I watched Bill sling the plastic frog all the way to the back of the pocket and start it out on top. Halfway back a big fish swirled and missed the toad.

“That was a 5-pounder!” said Bill. “I’m fixing to hit every little cut on the way out of Stamp.”

10:55: Bill was on his fifth short pocket. While pulling his 1/4-oz. Booyah jig over a Christmas tree into six or eight feet of water, a largemouth nailed the bait.

“That’s a good one,” said Bill.

Bill scooped his biggest bass so far, a 2.78-pounder.

11:27: In another pocket two fish bust right on the bank. Bill grabs his sunglasses, wondering if a buck bass is up guarding a bed. The water was 57 degrees, and it was a few days after a full moon. “I’m sure there’s some fish on the bed somewhere,” said Bill.

The water was a little too dirty to really be able to see very well.

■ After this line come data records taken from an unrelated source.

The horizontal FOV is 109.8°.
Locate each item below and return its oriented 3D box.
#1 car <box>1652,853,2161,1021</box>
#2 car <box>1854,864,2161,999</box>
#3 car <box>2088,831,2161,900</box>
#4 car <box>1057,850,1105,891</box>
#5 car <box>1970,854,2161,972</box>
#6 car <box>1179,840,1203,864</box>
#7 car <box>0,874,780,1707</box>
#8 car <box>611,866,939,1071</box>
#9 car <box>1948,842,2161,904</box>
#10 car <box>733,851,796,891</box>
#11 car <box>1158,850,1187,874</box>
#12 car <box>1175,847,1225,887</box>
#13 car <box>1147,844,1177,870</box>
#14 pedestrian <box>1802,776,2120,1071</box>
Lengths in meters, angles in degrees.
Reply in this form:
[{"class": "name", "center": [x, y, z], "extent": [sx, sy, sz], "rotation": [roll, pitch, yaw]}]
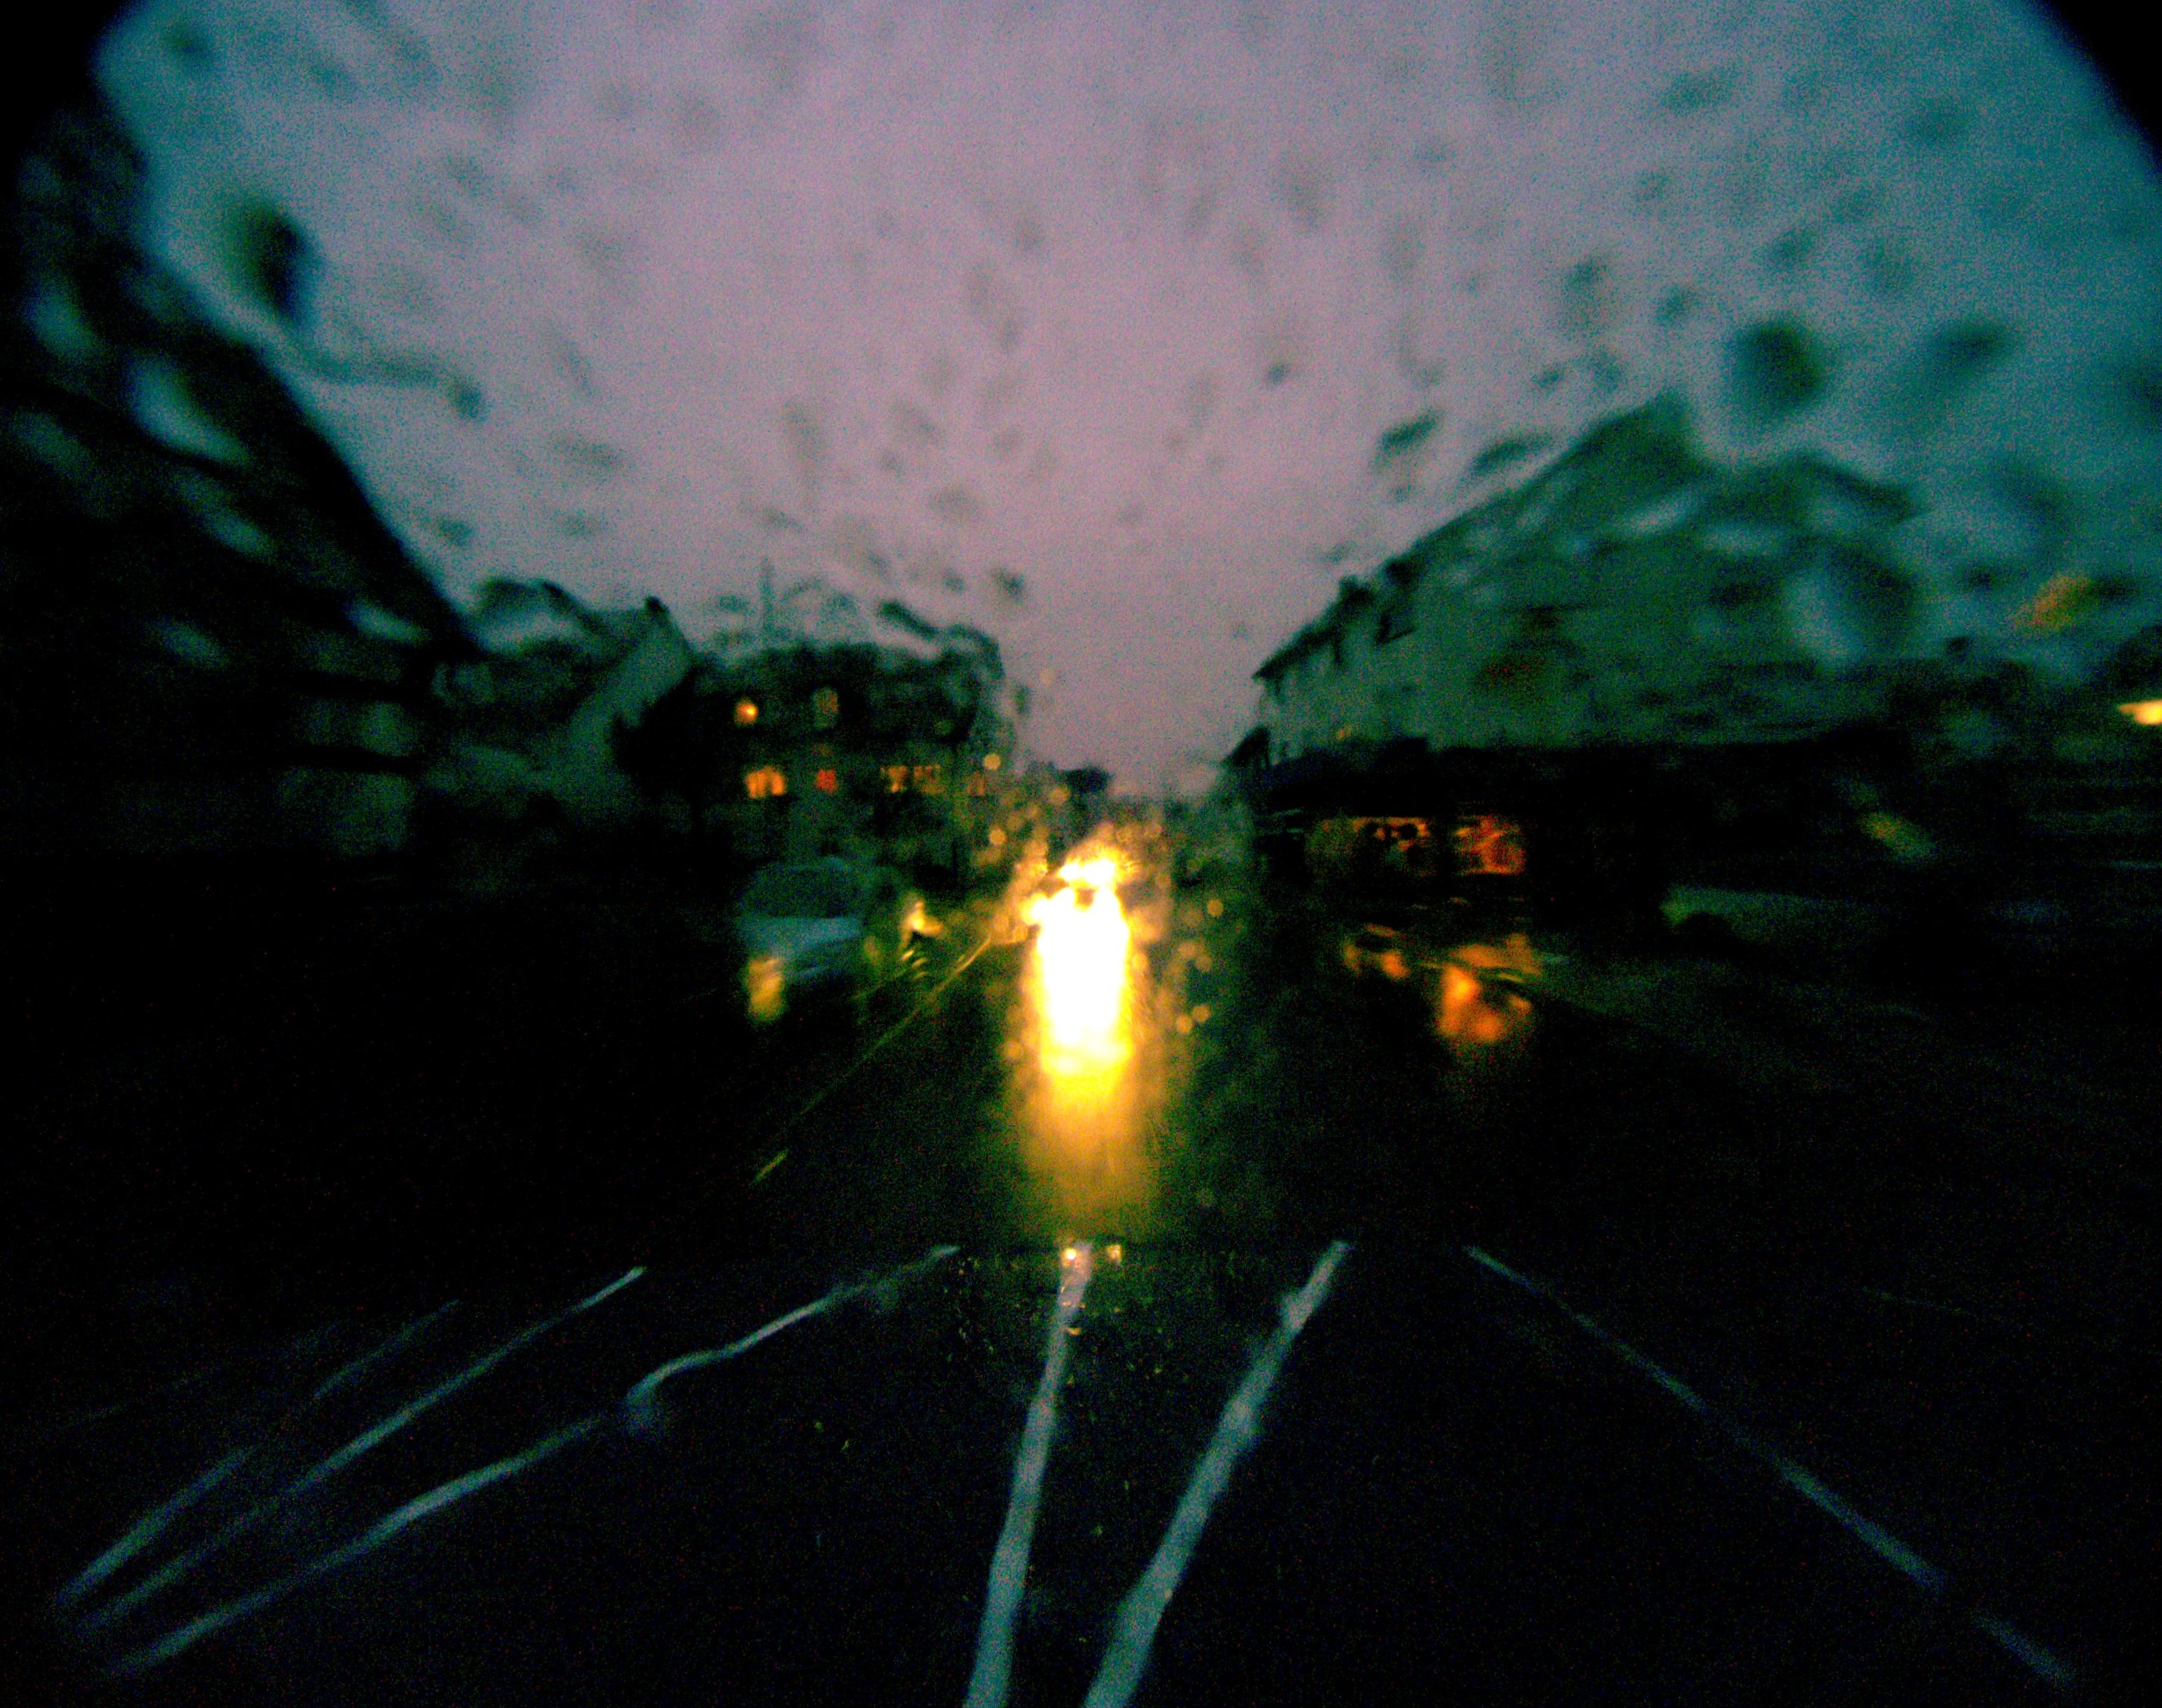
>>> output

11:52: Bill pulled up on a point right below the no-wake zone in Stamp Creek. He threw his jerkbait, which is actually one of Bill’s preferred lures. Bill is used to fishing over 60 to 100 feet of water at Lanier and having spots rocket to the surface after topwater plugs. “You’ll catch 3- and 4-pounders a lot doing that,” said Bill.

Bill’s plan of attack for The Eliminator was to put together a deep-water pattern, but this didn’t materialize in practice.
“I tried to find a dock pattern, too, but I couldn’t do that,” said Bill. “Some locals said the fish were moving back, so I ended up practicing in Stamp, Illinois, McKasky, Cooper and Kellogg creeks.”

11:58: Bill breaks out a watermelon-red Zoom French Fry worm fished on a Carolina rig. He never got bit.

12:26: Bill was in the back of Illinois Creek hoping that lightning would strike twice. “I caught a 7-pounder in this blowdown yesterday,” said Bill. Efforts with the jig and spinnerbait weren’t rewarded.

1:07: Bill goes into the Atlanta Yacht Club cove. “I watched a guy catch some small fish off this subtle little point,” said Bill.

1:08: On the very first drag, a 13-inch spot nailed the Carolina rig. Miette jumped at the bottom of the net.
“I guarantee you there’s another one up there,” he said.

If a fish was there, it didn’t bite the French Fry worm.

1:28: With only 15 minutes left Bill makes a move to a line of Christmas trees halfway back in the cove. He ends the day with the Carolina rig and four in the box.